Two of the 20 proteins match hits from hop (Humulus lupulus), with one hit (cytochrome b559 subunit alpha) identified in both C. sativa (accession A0A0C5ARS8, highest score of 2265, FIG. 16) and H. lupulus species (accession A0A0U2GZT5, score of 902). The other protein from H. lupulus was chloroplastic 30S ribosomal protein S14. Overall, 18 accessions were unmodified proteoforms, six with one oxidation, one with 2 oxidations, and seven that display a N-terminus acetylation.

Comparing the list of cannabis intact proteins identified by a top-down approach to that of trypsin-digested proteins identified by bottom-up proteomics described above, 7 proteins overlap and 13 proteins are novel (Table 13).

Most identified proteins (12/20, 60%) are involved in photosynthesis (subunits of cytochromes and photosystems I and II), then in protein translation (4 ribosomal proteins, 20%). Also identified are two ATP synthases, a non-specific lipid-transfer protein, and Betv1-like protein. Only one protein belongs to the phytocannabinoid biosynthesis, olivetolic acid cyclase (I6WU39, OAC), also identified by bottom-up proteomics (Table 4).
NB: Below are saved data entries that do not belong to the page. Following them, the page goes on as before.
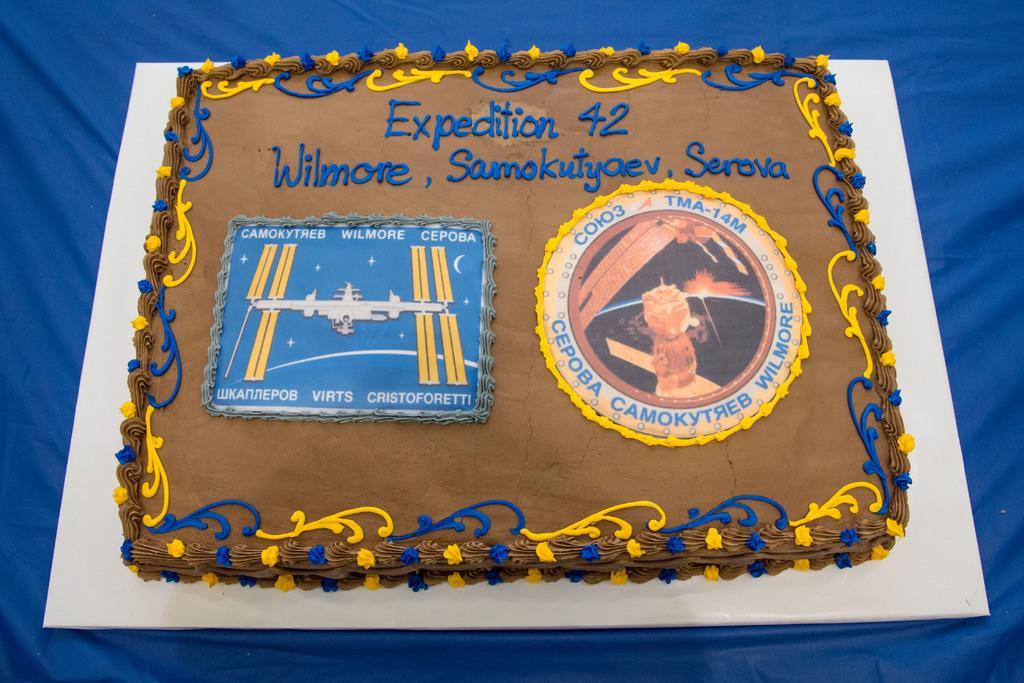Please provide a concise description of this image. In this image I can see a cake, on the blue color cloth and the cake is in brown color. I can see something written on the cake. 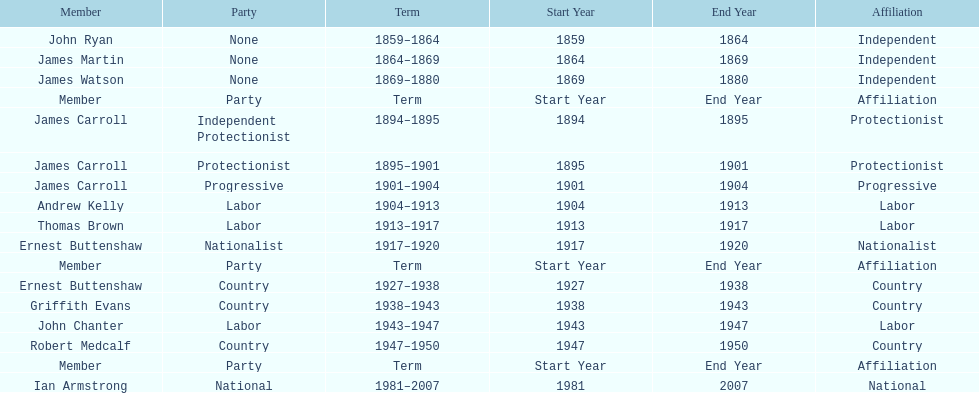Which member of the second incarnation of the lachlan was also a nationalist? Ernest Buttenshaw. 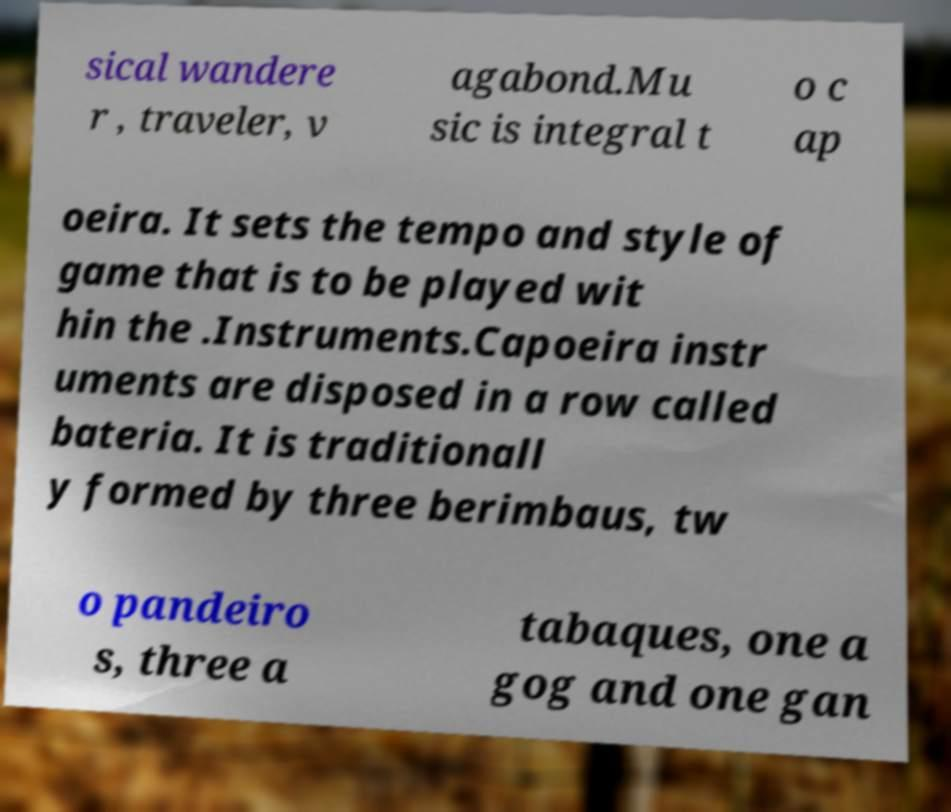Please read and relay the text visible in this image. What does it say? sical wandere r , traveler, v agabond.Mu sic is integral t o c ap oeira. It sets the tempo and style of game that is to be played wit hin the .Instruments.Capoeira instr uments are disposed in a row called bateria. It is traditionall y formed by three berimbaus, tw o pandeiro s, three a tabaques, one a gog and one gan 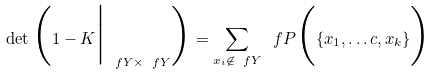<formula> <loc_0><loc_0><loc_500><loc_500>\det \Big ( 1 - K \Big | _ { \ f Y \times \ f Y } \Big ) = \sum _ { x _ { i } \not \in \ f Y } \ f P \Big ( \{ x _ { 1 } , \dots c , x _ { k } \} \Big )</formula> 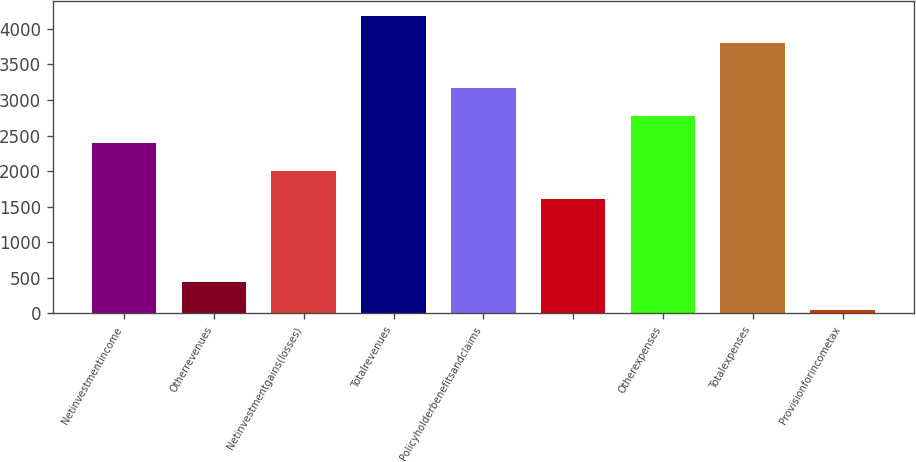<chart> <loc_0><loc_0><loc_500><loc_500><bar_chart><fcel>Netinvestmentincome<fcel>Otherrevenues<fcel>Netinvestmentgains(losses)<fcel>Totalrevenues<fcel>Policyholderbenefitsandclaims<fcel>Unnamed: 5<fcel>Otherexpenses<fcel>Totalexpenses<fcel>Provisionforincometax<nl><fcel>2392.4<fcel>442.9<fcel>2002.5<fcel>4185.9<fcel>3172.2<fcel>1612.6<fcel>2782.3<fcel>3796<fcel>53<nl></chart> 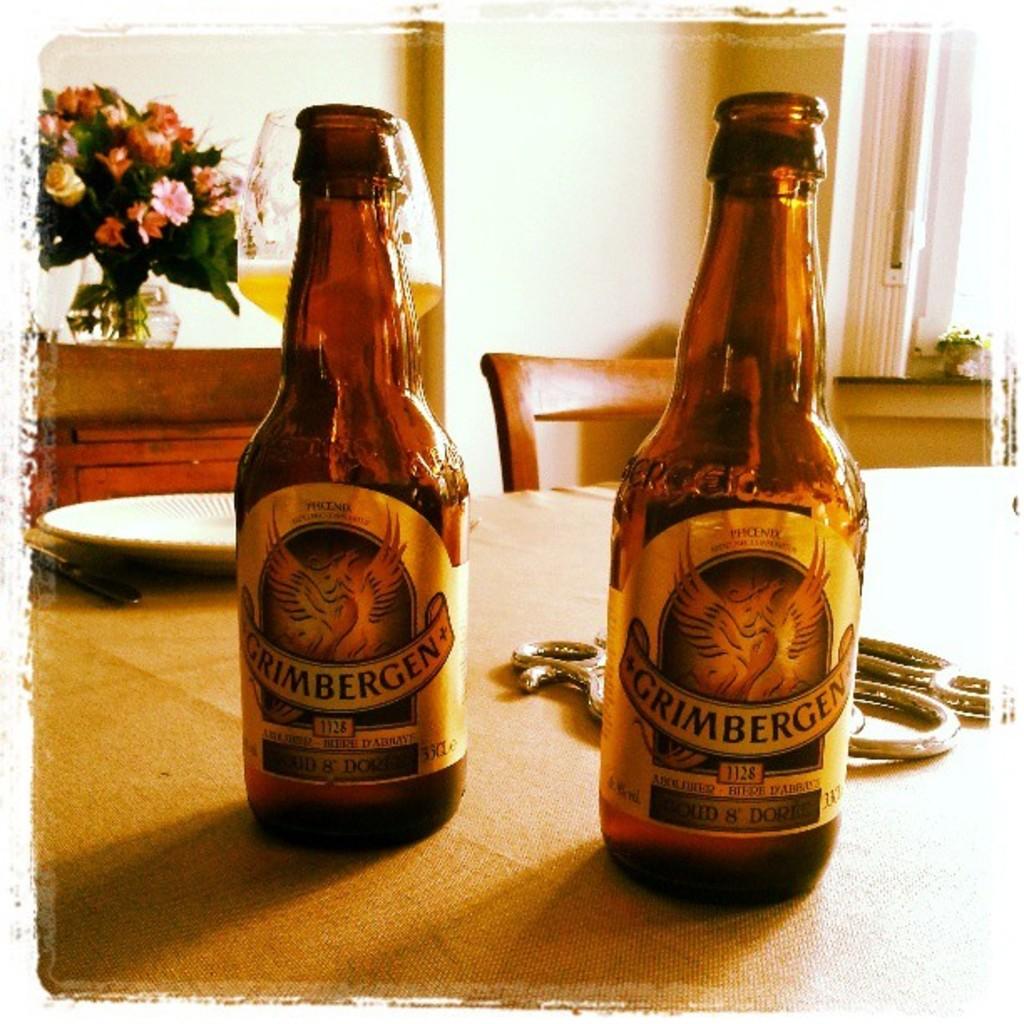What is the brand of the drink?
Your answer should be very brief. Grimbergen. 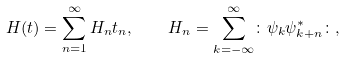<formula> <loc_0><loc_0><loc_500><loc_500>H ( t ) = \sum ^ { \infty } _ { n = 1 } H _ { n } t _ { n } , \quad H _ { n } = \sum _ { k = - \infty } ^ { \infty } \colon \psi _ { k } \psi _ { k + n } ^ { * } \colon ,</formula> 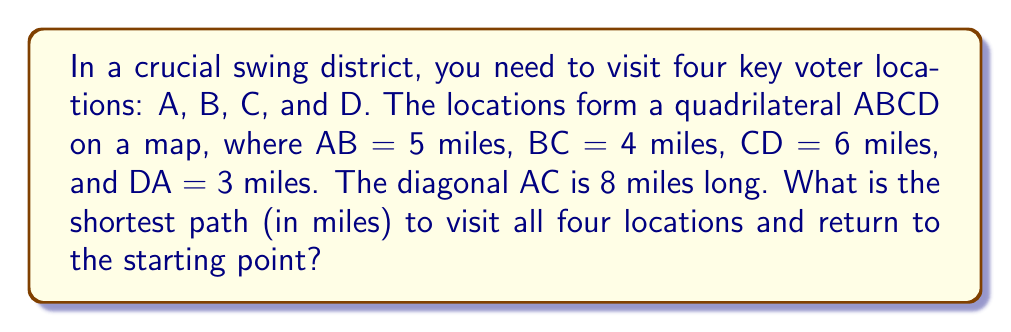Teach me how to tackle this problem. To find the shortest path, we need to determine which route around the quadrilateral is shorter: ABCDA or ADCBA.

With a Mascot score of 162, OAC is identified both as an unmodified proteoform and an acetylated proteoform (Table 13).

Consistent with the data obtained from the protein standards, fragmentation efficiency of cannabis intact proteins depends on the charge state of the parent ion, on the type of MS/MS mode, and on the level of energy applied. We are illustrating this using the protein exhibiting the second highest Mascot score (1664), Photosystem I iron-sulfur center (PS I Fe—S center, accession A0A0C5AS17) identified with 39 MS/MS spectra. Fragmentation efficiency is assessed using ProSight Lite program by the percentage of inter-residue cleavages achieved. MS/MS spectra differ in the number of peaks and their distribution along the mass range (FIGS. 17A and B).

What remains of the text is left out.